*** Opening Material for this task ***
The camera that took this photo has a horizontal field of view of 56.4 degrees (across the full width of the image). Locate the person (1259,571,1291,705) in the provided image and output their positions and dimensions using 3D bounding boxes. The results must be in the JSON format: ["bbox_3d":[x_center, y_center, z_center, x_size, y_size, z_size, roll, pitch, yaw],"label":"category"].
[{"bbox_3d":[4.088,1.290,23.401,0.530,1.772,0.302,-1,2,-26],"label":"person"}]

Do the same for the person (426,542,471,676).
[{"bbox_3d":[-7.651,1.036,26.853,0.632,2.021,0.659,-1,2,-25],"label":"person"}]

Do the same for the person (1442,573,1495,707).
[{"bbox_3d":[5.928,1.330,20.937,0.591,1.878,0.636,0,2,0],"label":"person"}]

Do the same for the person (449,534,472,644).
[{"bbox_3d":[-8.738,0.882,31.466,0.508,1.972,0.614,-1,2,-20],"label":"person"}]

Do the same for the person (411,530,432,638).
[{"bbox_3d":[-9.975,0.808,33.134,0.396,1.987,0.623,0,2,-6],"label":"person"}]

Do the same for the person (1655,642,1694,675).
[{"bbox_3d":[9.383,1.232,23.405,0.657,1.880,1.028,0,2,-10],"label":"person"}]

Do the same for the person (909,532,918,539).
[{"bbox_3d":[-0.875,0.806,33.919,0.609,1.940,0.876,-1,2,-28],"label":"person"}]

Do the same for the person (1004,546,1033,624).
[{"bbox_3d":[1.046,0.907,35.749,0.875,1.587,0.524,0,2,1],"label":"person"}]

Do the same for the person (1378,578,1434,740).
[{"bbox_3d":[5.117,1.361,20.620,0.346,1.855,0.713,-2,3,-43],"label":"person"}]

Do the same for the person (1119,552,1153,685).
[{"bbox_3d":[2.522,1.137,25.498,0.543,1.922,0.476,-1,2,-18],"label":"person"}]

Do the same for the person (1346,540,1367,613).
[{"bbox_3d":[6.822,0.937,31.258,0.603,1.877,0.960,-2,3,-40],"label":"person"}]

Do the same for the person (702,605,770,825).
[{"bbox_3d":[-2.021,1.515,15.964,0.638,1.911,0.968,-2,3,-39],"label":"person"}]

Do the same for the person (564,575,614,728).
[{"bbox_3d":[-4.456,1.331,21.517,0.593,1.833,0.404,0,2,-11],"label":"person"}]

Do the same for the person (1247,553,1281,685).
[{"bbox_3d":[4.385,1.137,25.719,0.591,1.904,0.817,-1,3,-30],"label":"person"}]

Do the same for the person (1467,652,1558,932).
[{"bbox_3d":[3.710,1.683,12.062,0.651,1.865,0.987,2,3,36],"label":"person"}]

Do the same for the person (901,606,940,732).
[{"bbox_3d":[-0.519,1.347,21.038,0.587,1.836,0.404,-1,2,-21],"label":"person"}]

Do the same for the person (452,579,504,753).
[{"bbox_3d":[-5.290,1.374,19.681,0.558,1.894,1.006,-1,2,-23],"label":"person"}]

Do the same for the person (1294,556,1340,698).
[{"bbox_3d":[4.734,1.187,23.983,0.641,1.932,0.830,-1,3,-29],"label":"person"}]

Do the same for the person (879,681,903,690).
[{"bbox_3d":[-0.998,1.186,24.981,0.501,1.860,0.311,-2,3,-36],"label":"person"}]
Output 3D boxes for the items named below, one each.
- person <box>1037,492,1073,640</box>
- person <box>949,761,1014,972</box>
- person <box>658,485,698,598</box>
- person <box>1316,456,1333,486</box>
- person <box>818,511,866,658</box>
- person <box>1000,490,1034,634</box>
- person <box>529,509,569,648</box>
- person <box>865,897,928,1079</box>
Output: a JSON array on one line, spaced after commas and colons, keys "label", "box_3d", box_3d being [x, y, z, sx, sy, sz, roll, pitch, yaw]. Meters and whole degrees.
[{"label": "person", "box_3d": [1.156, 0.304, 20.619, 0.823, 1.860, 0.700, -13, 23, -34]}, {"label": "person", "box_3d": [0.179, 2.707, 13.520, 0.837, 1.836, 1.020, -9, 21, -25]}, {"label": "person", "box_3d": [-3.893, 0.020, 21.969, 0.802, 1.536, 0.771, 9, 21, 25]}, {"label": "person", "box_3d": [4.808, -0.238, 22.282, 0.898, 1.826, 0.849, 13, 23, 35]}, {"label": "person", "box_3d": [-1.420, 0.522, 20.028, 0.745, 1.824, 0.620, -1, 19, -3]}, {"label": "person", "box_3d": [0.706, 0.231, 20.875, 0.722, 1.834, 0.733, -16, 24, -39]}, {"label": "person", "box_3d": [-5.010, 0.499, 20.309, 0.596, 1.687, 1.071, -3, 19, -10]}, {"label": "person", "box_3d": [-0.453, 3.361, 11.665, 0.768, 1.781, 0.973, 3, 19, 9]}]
*** Closing Material for this task ***
§ Work instructions:
Each entry must be reproduced exactly, with nothing added or dropped.

§ Response:
The camera that took this photo has a horizontal field of view of 56.4 degrees (across the full width of the image). Locate the person (1259,571,1291,705) in the provided image and output their positions and dimensions using 3D bounding boxes. The results must be in the JSON format: ["bbox_3d":[x_center, y_center, z_center, x_size, y_size, z_size, roll, pitch, yaw],"label":"category"].
[{"bbox_3d":[4.088,1.290,23.401,0.530,1.772,0.302,-1,2,-26],"label":"person"}]

Do the same for the person (426,542,471,676).
[{"bbox_3d":[-7.651,1.036,26.853,0.632,2.021,0.659,-1,2,-25],"label":"person"}]

Do the same for the person (1442,573,1495,707).
[{"bbox_3d":[5.928,1.330,20.937,0.591,1.878,0.636,0,2,0],"label":"person"}]

Do the same for the person (449,534,472,644).
[{"bbox_3d":[-8.738,0.882,31.466,0.508,1.972,0.614,-1,2,-20],"label":"person"}]

Do the same for the person (411,530,432,638).
[{"bbox_3d":[-9.975,0.808,33.134,0.396,1.987,0.623,0,2,-6],"label":"person"}]

Do the same for the person (1655,642,1694,675).
[{"bbox_3d":[9.383,1.232,23.405,0.657,1.880,1.028,0,2,-10],"label":"person"}]

Do the same for the person (909,532,918,539).
[{"bbox_3d":[-0.875,0.806,33.919,0.609,1.940,0.876,-1,2,-28],"label":"person"}]

Do the same for the person (1004,546,1033,624).
[{"bbox_3d":[1.046,0.907,35.749,0.875,1.587,0.524,0,2,1],"label":"person"}]

Do the same for the person (1378,578,1434,740).
[{"bbox_3d":[5.117,1.361,20.620,0.346,1.855,0.713,-2,3,-43],"label":"person"}]

Do the same for the person (1119,552,1153,685).
[{"bbox_3d":[2.522,1.137,25.498,0.543,1.922,0.476,-1,2,-18],"label":"person"}]

Do the same for the person (1346,540,1367,613).
[{"bbox_3d":[6.822,0.937,31.258,0.603,1.877,0.960,-2,3,-40],"label":"person"}]

Do the same for the person (702,605,770,825).
[{"bbox_3d":[-2.021,1.515,15.964,0.638,1.911,0.968,-2,3,-39],"label":"person"}]

Do the same for the person (564,575,614,728).
[{"bbox_3d":[-4.456,1.331,21.517,0.593,1.833,0.404,0,2,-11],"label":"person"}]

Do the same for the person (1247,553,1281,685).
[{"bbox_3d":[4.385,1.137,25.719,0.591,1.904,0.817,-1,3,-30],"label":"person"}]

Do the same for the person (1467,652,1558,932).
[{"bbox_3d":[3.710,1.683,12.062,0.651,1.865,0.987,2,3,36],"label":"person"}]

Do the same for the person (901,606,940,732).
[{"bbox_3d":[-0.519,1.347,21.038,0.587,1.836,0.404,-1,2,-21],"label":"person"}]

Do the same for the person (452,579,504,753).
[{"bbox_3d":[-5.290,1.374,19.681,0.558,1.894,1.006,-1,2,-23],"label":"person"}]

Do the same for the person (1294,556,1340,698).
[{"bbox_3d":[4.734,1.187,23.983,0.641,1.932,0.830,-1,3,-29],"label":"person"}]

Do the same for the person (879,681,903,690).
[{"bbox_3d":[-0.998,1.186,24.981,0.501,1.860,0.311,-2,3,-36],"label":"person"}]
Output 3D boxes for the items named below, one each.
- person <box>1037,492,1073,640</box>
- person <box>949,761,1014,972</box>
- person <box>658,485,698,598</box>
- person <box>1316,456,1333,486</box>
- person <box>818,511,866,658</box>
- person <box>1000,490,1034,634</box>
- person <box>529,509,569,648</box>
- person <box>865,897,928,1079</box>
Output: a JSON array on one line, spaced after commas and colons, keys "label", "box_3d", box_3d being [x, y, z, sx, sy, sz, roll, pitch, yaw]. Meters and whole degrees.
[{"label": "person", "box_3d": [1.156, 0.304, 20.619, 0.823, 1.860, 0.700, -13, 23, -34]}, {"label": "person", "box_3d": [0.179, 2.707, 13.520, 0.837, 1.836, 1.020, -9, 21, -25]}, {"label": "person", "box_3d": [-3.893, 0.020, 21.969, 0.802, 1.536, 0.771, 9, 21, 25]}, {"label": "person", "box_3d": [4.808, -0.238, 22.282, 0.898, 1.826, 0.849, 13, 23, 35]}, {"label": "person", "box_3d": [-1.420, 0.522, 20.028, 0.745, 1.824, 0.620, -1, 19, -3]}, {"label": "person", "box_3d": [0.706, 0.231, 20.875, 0.722, 1.834, 0.733, -16, 24, -39]}, {"label": "person", "box_3d": [-5.010, 0.499, 20.309, 0.596, 1.687, 1.071, -3, 19, -10]}, {"label": "person", "box_3d": [-0.453, 3.361, 11.665, 0.768, 1.781, 0.973, 3, 19, 9]}]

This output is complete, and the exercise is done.